España se impuso en América sí, pero en un proceso de inmigración y dominación, con todas las distancias del caso, similar al acontecido entre los siglos IV y VIII cuando los pueblos germánicos –conocidos como “bárbaros”- invadieron, muchas veces a “sangre y fuego”, la Europa romana y arrasaron con buena parte de la cultura antigua; lo cual muchas veces se olvida. Mucho menos se acentúa la imposición violenta anglosajona y francesa en el norte de América, contemporánea a la de España. O no se consideran los convulsos movimientos poblacionales del interior de Asia o de África durante siglos.
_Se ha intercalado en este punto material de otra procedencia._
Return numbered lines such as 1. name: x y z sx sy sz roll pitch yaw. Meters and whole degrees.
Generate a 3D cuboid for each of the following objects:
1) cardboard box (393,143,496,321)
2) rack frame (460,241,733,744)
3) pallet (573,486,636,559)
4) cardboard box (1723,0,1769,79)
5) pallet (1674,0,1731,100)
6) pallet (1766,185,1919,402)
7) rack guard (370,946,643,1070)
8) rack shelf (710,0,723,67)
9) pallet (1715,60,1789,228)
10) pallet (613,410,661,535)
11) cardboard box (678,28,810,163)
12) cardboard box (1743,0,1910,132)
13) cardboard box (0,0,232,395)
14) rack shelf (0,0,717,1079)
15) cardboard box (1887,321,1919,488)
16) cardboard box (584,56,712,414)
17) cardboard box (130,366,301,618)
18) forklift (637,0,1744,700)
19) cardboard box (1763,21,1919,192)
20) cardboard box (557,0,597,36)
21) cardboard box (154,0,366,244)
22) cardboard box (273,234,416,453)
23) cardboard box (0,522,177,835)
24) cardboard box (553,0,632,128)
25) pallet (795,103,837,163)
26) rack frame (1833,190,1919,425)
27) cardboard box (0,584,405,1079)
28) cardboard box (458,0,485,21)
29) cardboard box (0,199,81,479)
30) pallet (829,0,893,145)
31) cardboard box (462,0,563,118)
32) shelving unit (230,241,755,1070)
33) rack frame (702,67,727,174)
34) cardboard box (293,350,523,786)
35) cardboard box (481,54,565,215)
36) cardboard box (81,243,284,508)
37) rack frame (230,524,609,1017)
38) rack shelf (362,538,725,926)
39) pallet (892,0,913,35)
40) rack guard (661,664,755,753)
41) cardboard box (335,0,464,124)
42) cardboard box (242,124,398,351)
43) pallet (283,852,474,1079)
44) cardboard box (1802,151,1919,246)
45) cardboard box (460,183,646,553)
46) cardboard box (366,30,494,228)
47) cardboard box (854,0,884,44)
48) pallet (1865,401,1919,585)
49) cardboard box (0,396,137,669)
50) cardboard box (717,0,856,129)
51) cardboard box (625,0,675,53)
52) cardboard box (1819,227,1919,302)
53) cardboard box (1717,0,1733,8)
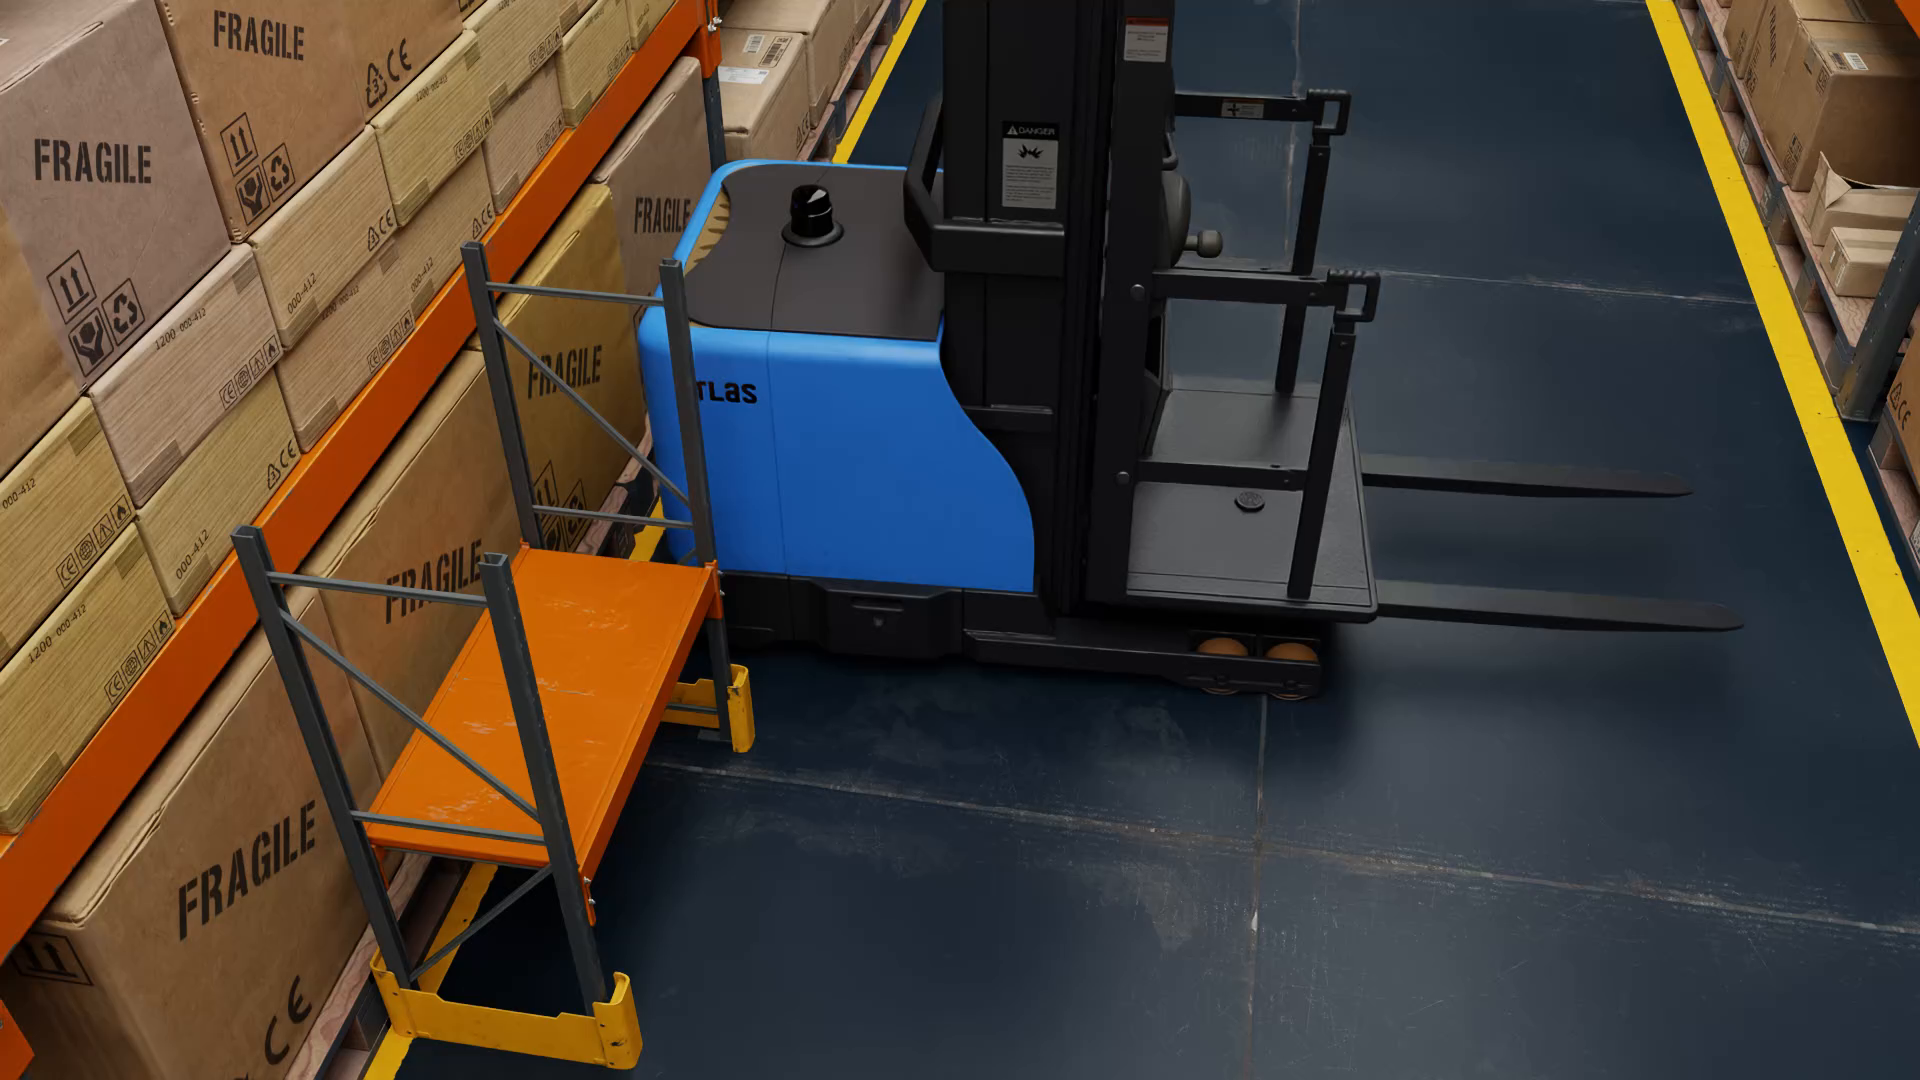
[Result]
1. cardboard box: -1.452 -0.769 3.943 0.500 0.250 0.500 6 40 8
2. rack frame: -0.858 -0.052 4.136 0.500 1.500 0.032 6 40 7
3. pallet: -1.610 0.241 4.793 1.003 0.211 1.213 6 40 8
4. cardboard box: 3.854 -2.353 7.374 0.700 0.500 0.500 8 40 9
5. pallet: 4.089 -2.437 8.032 1.003 0.211 1.213 6 40 8
6. pallet: 3.667 -0.905 6.180 1.003 0.211 1.213 6 40 8
7. rack guard: -1.025 1.056 3.777 0.587 0.250 0.087 6 40 7
8. rack shelf: -0.996 -3.072 7.176 1.077 0.370 4.000 6 40 8
9. pallet: 3.876 -1.673 7.109 1.003 0.211 1.213 6 40 8
10. pallet: -1.402 -0.527 5.722 1.003 0.211 1.213 6 40 8
11. cardboard box: -1.128 -1.651 6.574 0.875 0.438 0.875 6 40 7
12. cardboard box: 3.664 -2.032 6.986 0.500 0.500 0.500 7 40 8
13. cardboard box: -1.632 -0.603 2.762 0.500 0.500 0.500 7 40 8
14. rack shelf: -1.688 -0.562 4.140 1.077 0.370 4.000 6 40 8
15. cardboard box: 3.242 -0.469 5.095 0.500 0.500 0.500 8 40 10
16. cardboard box: -1.371 -1.039 5.491 0.875 0.875 0.875 8 40 9
17. cardboard box: -1.630 -0.130 3.171 0.500 0.250 0.500 5 40 6
18. forklift: 0.708 -1.036 4.203 3.031 2.935 1.130 4 40 5
19. cardboard box: 3.674 -1.701 6.586 0.700 0.500 0.500 5 40 6
20. cardboard box: -1.258 -1.611 4.570 0.500 0.250 0.500 7 40 9
21. cardboard box: -1.527 -0.926 3.153 0.500 0.500 0.500 7 40 9
22. cardboard box: -1.534 -0.458 3.568 0.500 0.250 0.500 8 40 9
23. cardboard box: -1.702 0.194 2.779 0.500 0.250 0.500 6 40 7
24. cardboard box: -1.261 -1.408 4.716 0.500 0.250 0.500 6 40 7
25. pallet: -1.134 -1.488 6.884 1.003 0.211 1.213 6 40 8
26. rack frame: 3.547 -1.549 4.770 1.000 3.000 0.127 6 40 8
27. cardboard box: -1.833 0.649 3.449 0.875 0.875 0.875 6 40 7
28. cardboard box: -1.362 -1.569 3.930 0.500 0.500 0.500 8 40 9
29. cardboard box: -1.708 -0.290 2.384 0.500 0.500 0.500 5 40 6
30. pallet: -0.925 -2.256 7.813 1.003 0.211 1.213 6 40 8
31. cardboard box: -1.342 -1.285 4.176 0.500 0.250 0.500 7 40 9
32. shelving unit: -0.942 0.261 3.757 0.587 1.500 1.083 6 40 7
33. rack frame: -1.342 -2.094 5.429 1.000 3.000 0.127 6 40 8
34. cardboard box: -1.675 0.089 4.126 0.875 0.875 0.875 7 40 8
35. cardboard box: -1.367 -1.093 4.336 0.500 0.250 0.500 5 40 6
36. cardboard box: -1.613 -0.334 3.025 0.500 0.250 0.500 7 40 9
37. rack frame: -1.028 0.586 3.364 0.500 1.500 0.032 6 40 7
38. rack shelf: -0.943 0.406 3.865 0.538 0.185 1.000 6 40 7
39. pallet: -0.711 -3.020 8.737 1.003 0.211 1.213 6 40 8
40. rack guard: -0.859 0.430 4.534 0.587 0.250 0.087 6 40 7
41. cardboard box: -1.436 -1.242 3.535 0.500 0.500 0.500 7 40 8
42. cardboard box: -1.515 -0.645 3.402 0.500 0.250 0.500 6 40 8
43. pallet: -1.824 1.004 3.870 1.003 0.211 1.213 6 40 8
44. cardboard box: 3.416 -1.264 6.240 0.396 0.266 0.258 8 40 9
45. cardboard box: -1.519 -0.472 4.804 0.875 0.875 0.875 7 40 9
46. cardboard box: -1.414 -0.962 3.785 0.500 0.250 0.500 7 40 8
47. cardboard box: -0.816 -2.779 7.938 0.875 0.438 0.875 7 40 9
48. pallet: 3.444 0.040 5.036 1.003 0.211 1.213 6 40 8
49. cardboard box: -1.703 -0.010 2.633 0.500 0.250 0.500 6 40 7
50. cardboard box: -0.974 -2.213 7.254 0.875 0.438 0.875 5 40 6
51. cardboard box: -1.172 -1.727 5.103 0.500 0.250 0.500 5 40 7
52. cardboard box: 3.354 -0.995 6.007 0.380 0.149 0.250 5 40 6
53. cardboard box: 4.040 -2.886 8.016 0.797 0.503 0.637 5 40 6

El fenómeno de la movilidad humana, la imposición cultural y la mezcla de pueblos -muchas veces violento- han sido y son una constante en la historia. Por ello siempre hay que ubicarse en el contexto y momento histórico en que tienen lugar, no para intentar justificar nada, sino para comprender debidamente los procesos.
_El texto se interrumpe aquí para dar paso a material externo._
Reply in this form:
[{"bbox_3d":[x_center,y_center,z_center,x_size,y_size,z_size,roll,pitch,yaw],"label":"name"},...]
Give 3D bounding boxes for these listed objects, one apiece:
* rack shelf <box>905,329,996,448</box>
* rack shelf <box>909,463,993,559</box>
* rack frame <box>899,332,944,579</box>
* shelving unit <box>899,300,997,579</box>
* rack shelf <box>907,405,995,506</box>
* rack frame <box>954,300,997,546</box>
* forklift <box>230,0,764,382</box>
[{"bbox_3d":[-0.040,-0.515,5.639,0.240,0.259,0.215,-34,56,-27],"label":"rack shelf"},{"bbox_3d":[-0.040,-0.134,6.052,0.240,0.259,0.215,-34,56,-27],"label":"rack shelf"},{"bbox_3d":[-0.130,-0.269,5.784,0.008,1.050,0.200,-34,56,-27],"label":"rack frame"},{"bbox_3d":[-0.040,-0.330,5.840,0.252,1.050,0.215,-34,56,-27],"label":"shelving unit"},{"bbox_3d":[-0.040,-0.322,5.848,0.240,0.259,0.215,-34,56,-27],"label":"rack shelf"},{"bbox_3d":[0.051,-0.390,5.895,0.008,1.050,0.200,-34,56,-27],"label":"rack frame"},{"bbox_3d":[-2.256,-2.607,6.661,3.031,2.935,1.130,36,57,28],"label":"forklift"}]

El Documento de Puebla, de 1979, al reflexionar concretamente sobre el proceso histórico de la evangelización en América Latina nos dice: #6 “La generación de pueblos y culturas es siempre dramática; envuelta en luces y sombras. La Evangelización, como tarea humana, está sometida a las vicisitudes históricas, pero siempre busca transfigurarlas con el fuego del Espíritu en el camino de Cristo, centro y sentido de la historia universal, de todos y cada uno de los hombres […]. #10 “Si es cierto que la Iglesia en su labor evangelizadora tuvo que soportar el peso de desfallecimientos, alianzas con los poderes terrenos, incompleta visión pastoral y la fuerza destructora del pecado, también se debe reconocer que la Evangelización, que constituye a América Latina en el ‘continente de la esperanza’, ha sido mucho más poderosa que las sombras que dentro del contexto histórico vivido lamentablemente le acompañaron […]. #13 “A través de una rica experiencia histórica, llena de luces y de sombras, la gran misión de la Iglesia ha sido su compromiso en la fe con el hombre latinoamericano: para su salvación eterna, su superación espiritual y plena realización humana”.

Un camino de luces y sombras, sí, que hay que conocerlo en su contexto histórico; como intentaremos hacerlo a partir de la próxima entrega.